### [Activity]
A faithful repeat of all the records, with no image kept, is the required answer.

### [Entries shown]
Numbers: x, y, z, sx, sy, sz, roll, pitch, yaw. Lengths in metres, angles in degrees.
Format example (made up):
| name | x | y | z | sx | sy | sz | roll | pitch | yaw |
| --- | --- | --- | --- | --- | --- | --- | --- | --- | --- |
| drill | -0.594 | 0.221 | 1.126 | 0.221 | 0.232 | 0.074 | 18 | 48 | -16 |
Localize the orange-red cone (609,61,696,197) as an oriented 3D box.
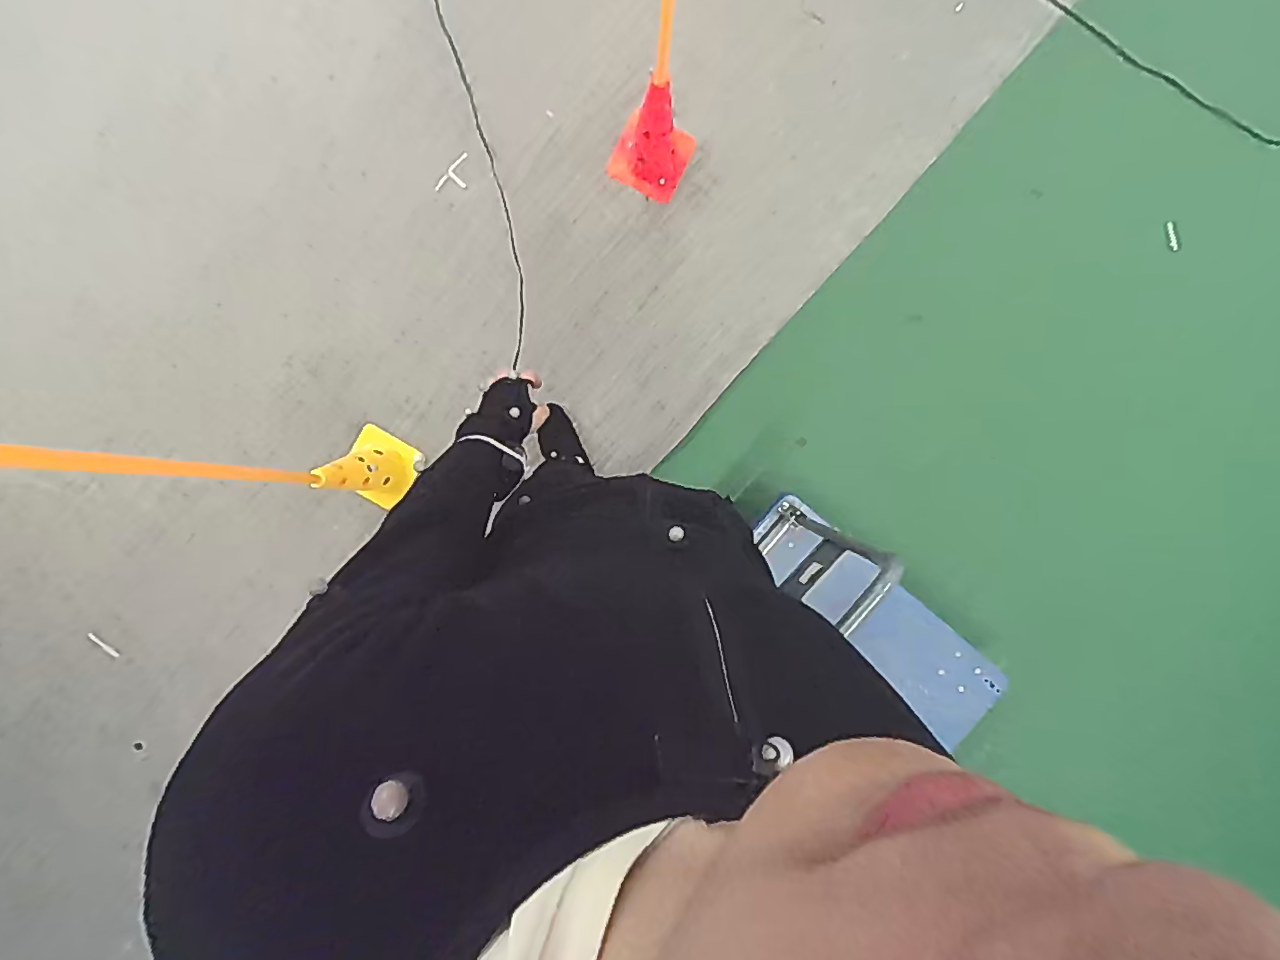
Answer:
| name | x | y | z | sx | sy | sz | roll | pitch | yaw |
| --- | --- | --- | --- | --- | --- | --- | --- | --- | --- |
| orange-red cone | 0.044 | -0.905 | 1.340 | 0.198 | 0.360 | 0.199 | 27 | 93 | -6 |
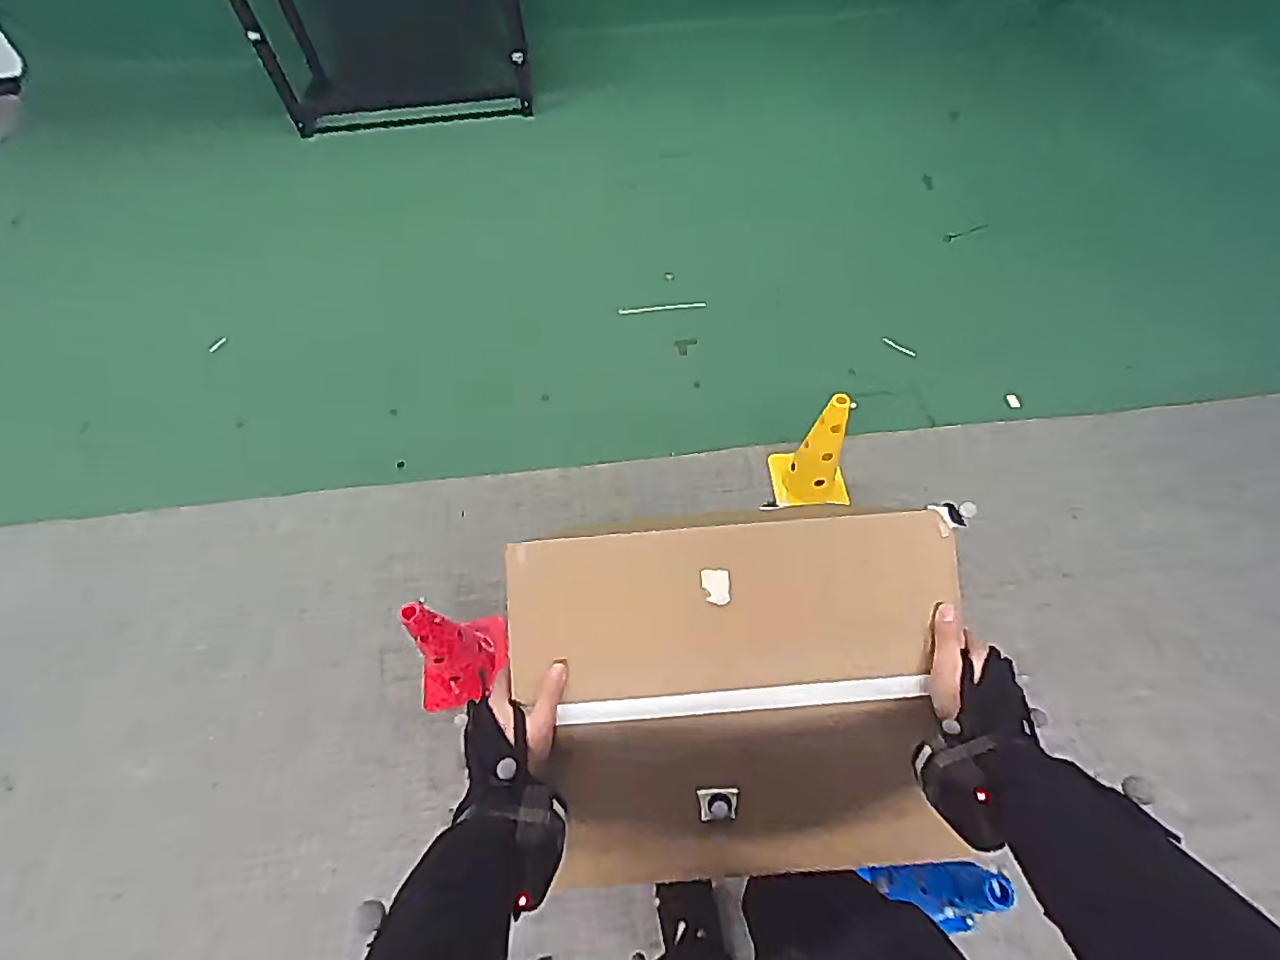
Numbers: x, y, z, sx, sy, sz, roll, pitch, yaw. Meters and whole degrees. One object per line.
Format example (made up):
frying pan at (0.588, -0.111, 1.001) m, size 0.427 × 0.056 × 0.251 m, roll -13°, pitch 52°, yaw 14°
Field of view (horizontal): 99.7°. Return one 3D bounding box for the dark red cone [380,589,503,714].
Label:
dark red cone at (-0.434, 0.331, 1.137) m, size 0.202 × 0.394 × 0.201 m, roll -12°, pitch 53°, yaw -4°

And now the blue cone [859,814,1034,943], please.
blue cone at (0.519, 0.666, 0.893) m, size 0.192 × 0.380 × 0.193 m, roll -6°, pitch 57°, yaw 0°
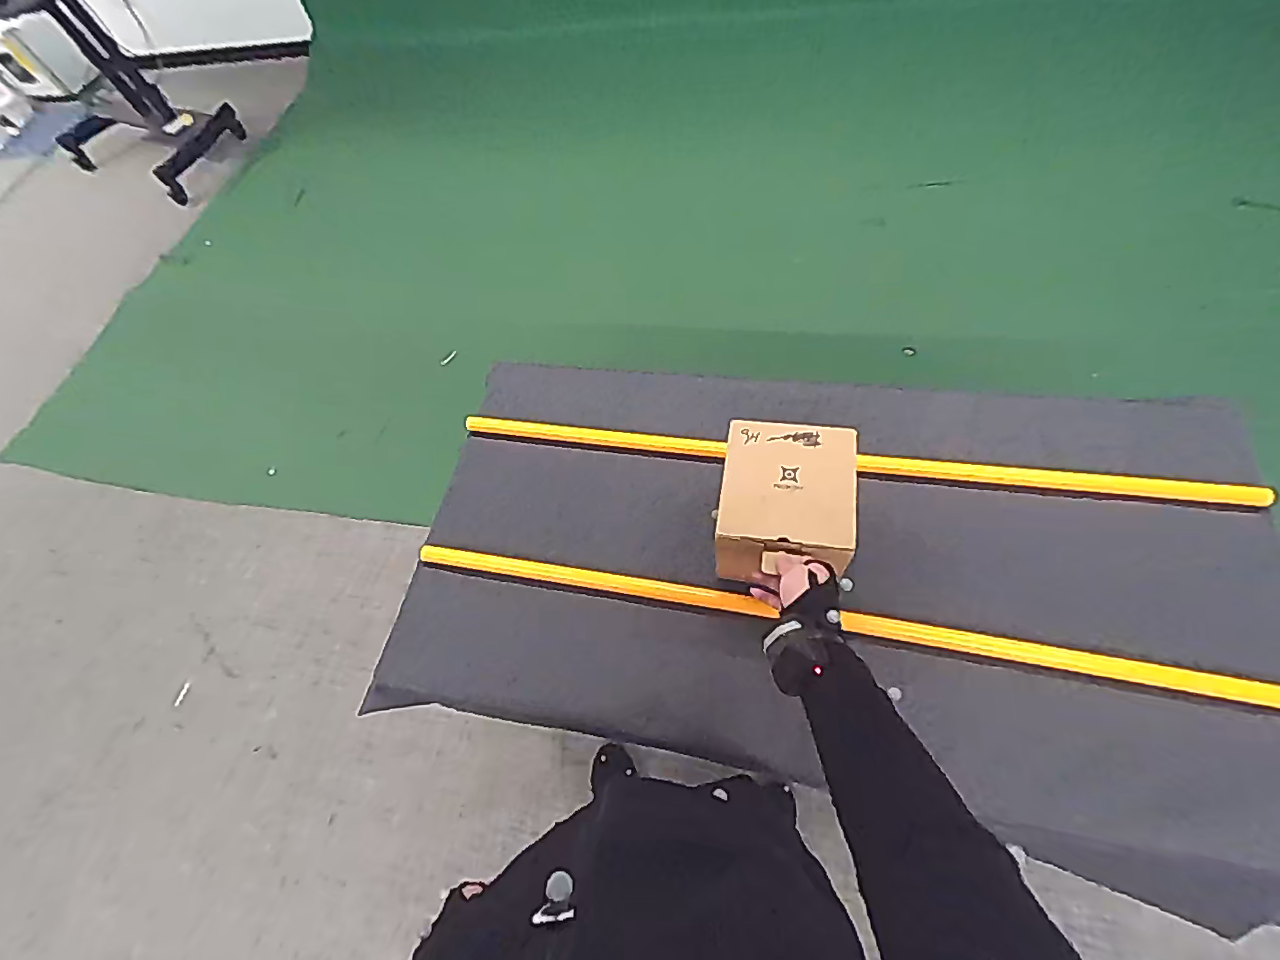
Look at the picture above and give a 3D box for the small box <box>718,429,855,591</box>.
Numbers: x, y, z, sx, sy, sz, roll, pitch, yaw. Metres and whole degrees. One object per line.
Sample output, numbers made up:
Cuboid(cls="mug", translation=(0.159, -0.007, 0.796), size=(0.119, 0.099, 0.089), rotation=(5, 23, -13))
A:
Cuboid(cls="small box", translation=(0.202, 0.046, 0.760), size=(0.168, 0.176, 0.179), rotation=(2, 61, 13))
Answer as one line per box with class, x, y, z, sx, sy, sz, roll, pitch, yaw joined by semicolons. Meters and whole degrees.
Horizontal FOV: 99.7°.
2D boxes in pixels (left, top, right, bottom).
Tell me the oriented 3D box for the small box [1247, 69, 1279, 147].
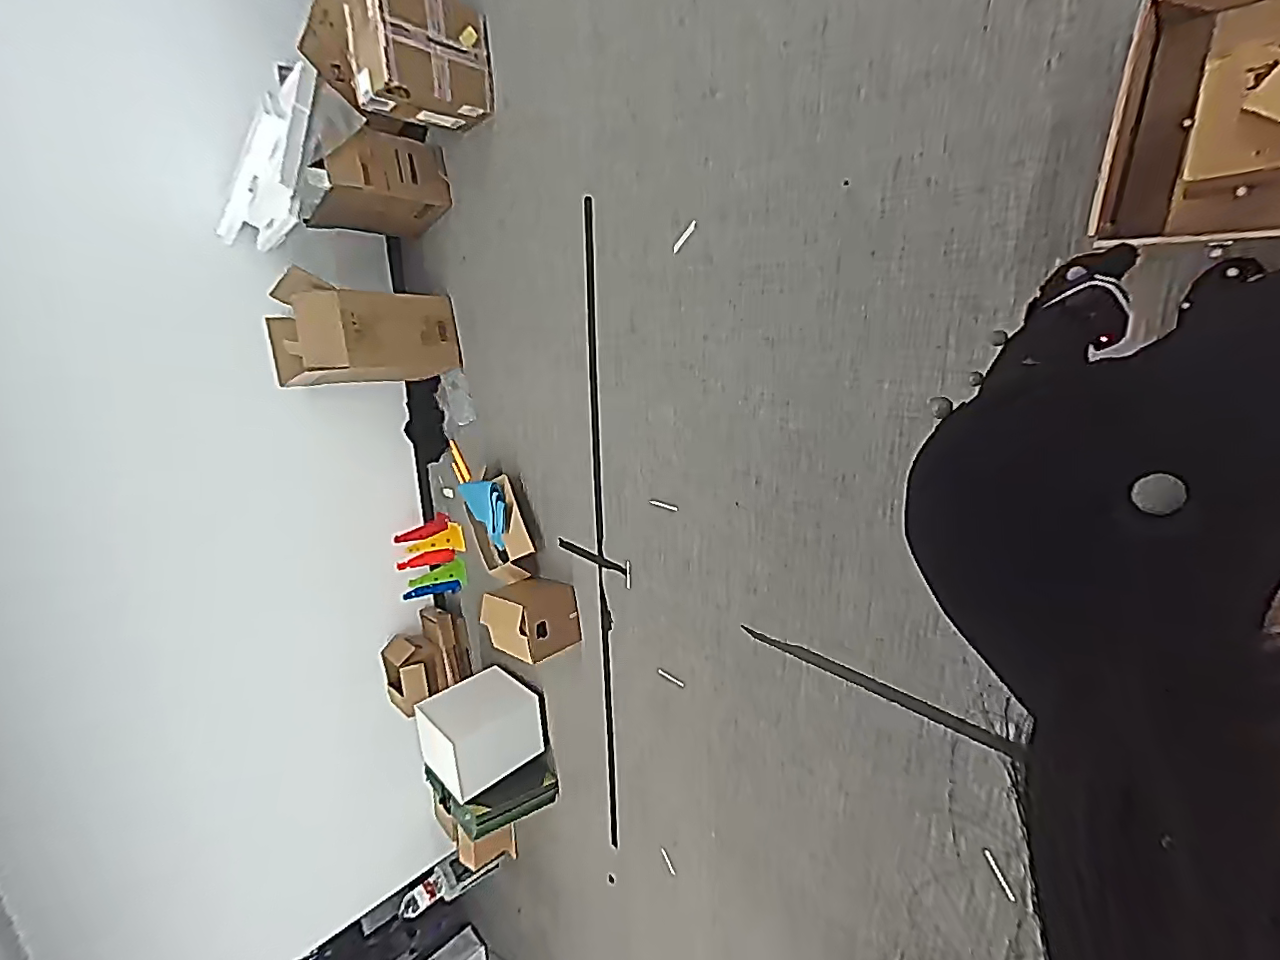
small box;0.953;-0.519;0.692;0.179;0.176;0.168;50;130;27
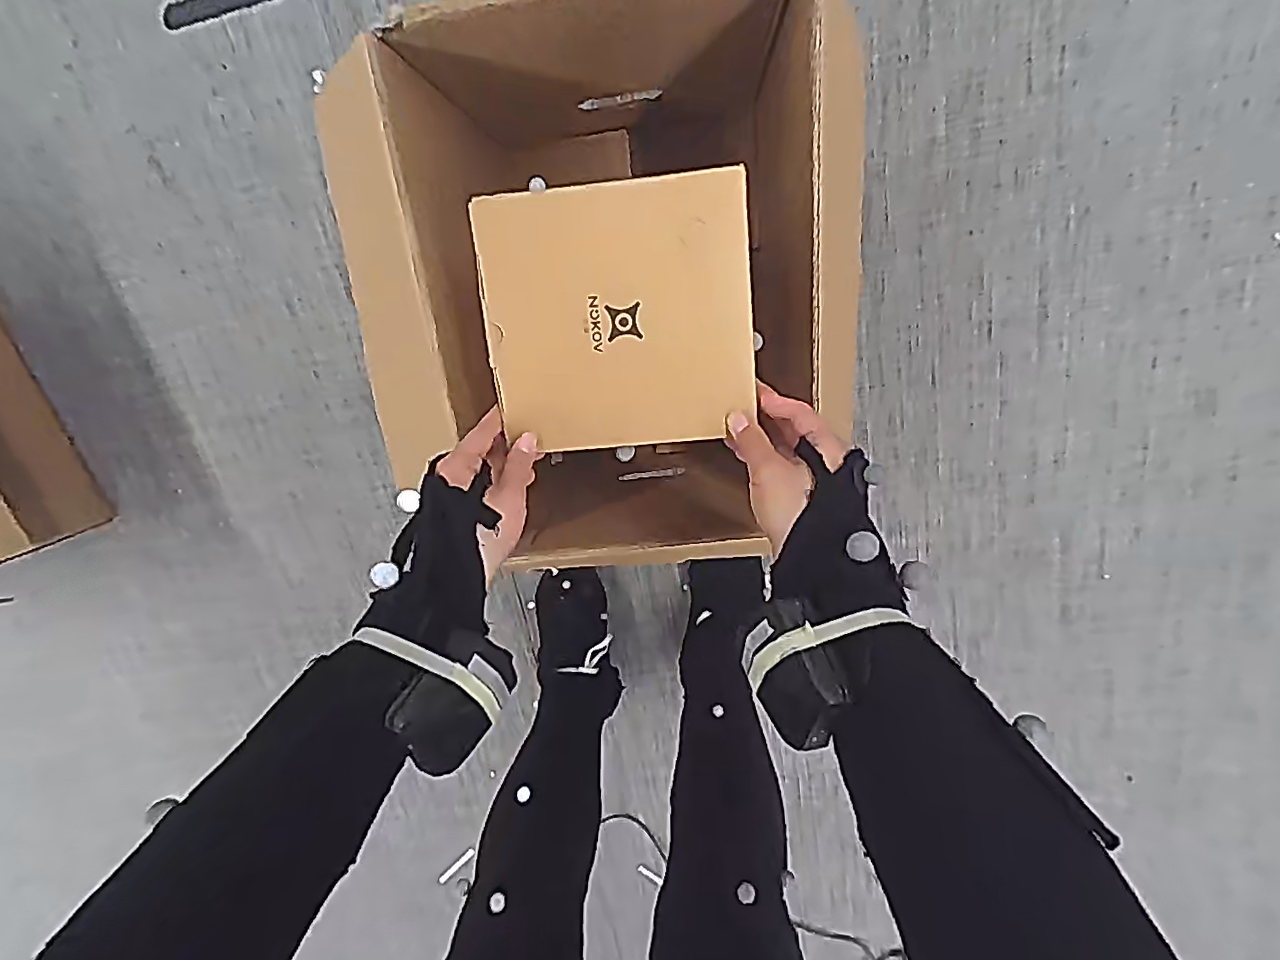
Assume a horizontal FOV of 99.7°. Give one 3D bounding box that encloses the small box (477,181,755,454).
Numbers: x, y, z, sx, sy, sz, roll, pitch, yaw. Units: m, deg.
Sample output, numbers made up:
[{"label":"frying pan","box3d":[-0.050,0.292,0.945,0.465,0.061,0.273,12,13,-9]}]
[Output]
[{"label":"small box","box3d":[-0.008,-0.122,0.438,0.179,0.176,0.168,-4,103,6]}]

### [Solution to this problem]
Numbers: x, y, z, sx, sy, sz, roll, pitch, yaw. Lengths in metres, angles in degrees.
Format example (made up):
| name | x | y | z | sx | sy | sz | roll | pitch | yaw |
| --- | --- | --- | --- | --- | --- | --- | --- | --- | --- |
| drill | -0.594 | 0.221 | 1.126 | 0.221 | 0.232 | 0.074 | 18 | 48 | -16 |
Localize the orange-red cone (609,61,696,197) as an oriented 3D box.
Answer:
| name | x | y | z | sx | sy | sz | roll | pitch | yaw |
| --- | --- | --- | --- | --- | --- | --- | --- | --- | --- |
| orange-red cone | 0.044 | -0.905 | 1.340 | 0.198 | 0.360 | 0.199 | 27 | 93 | -6 |
Numbers: x, y, z, sx, sy, sz, roll, pitch, yaw. Meters and whole degrees. One object per line.
Format example (made up):
frying pan at (0.588, -0.111, 1.001) m, size 0.427 × 0.056 × 0.251 m, roll -13°, pitch 52°, yaw 14°
Field of view (horizontal): 99.7°. Return one 3D bounding box for the dark red cone [380,589,503,714].
Label:
dark red cone at (-0.434, 0.331, 1.137) m, size 0.202 × 0.394 × 0.201 m, roll -12°, pitch 53°, yaw -4°

And now the blue cone [859,814,1034,943], please.
blue cone at (0.519, 0.666, 0.893) m, size 0.192 × 0.380 × 0.193 m, roll -6°, pitch 57°, yaw 0°
Look at the picture above and give a 3D box for the small box <box>718,429,855,591</box>.
Numbers: x, y, z, sx, sy, sz, roll, pitch, yaw. Metres and whole degrees. One object per line.
Sample output, numbers made up:
Cuboid(cls="mug", translation=(0.159, -0.007, 0.796), size=(0.119, 0.099, 0.089), rotation=(5, 23, -13))
A:
Cuboid(cls="small box", translation=(0.202, 0.046, 0.760), size=(0.168, 0.176, 0.179), rotation=(2, 61, 13))
Answer as one line per box with class, x, y, z, sx, sy, sz, roll, pitch, yaw joined by semicolons. Meters and whole degrees.
Horizontal FOV: 99.7°.
2D boxes in pixels (left, top, right, bottom).
Tell me the oriented 3D box for the small box [1247, 69, 1279, 147].
small box;0.953;-0.519;0.692;0.179;0.176;0.168;50;130;27
Assume a horizontal FOV of 99.7°. Give one 3D bounding box that encloses the small box (477,181,755,454).
Numbers: x, y, z, sx, sy, sz, roll, pitch, yaw. Units: m, deg.
Sample output, numbers made up:
[{"label":"frying pan","box3d":[-0.050,0.292,0.945,0.465,0.061,0.273,12,13,-9]}]
[Output]
[{"label":"small box","box3d":[-0.008,-0.122,0.438,0.179,0.176,0.168,-4,103,6]}]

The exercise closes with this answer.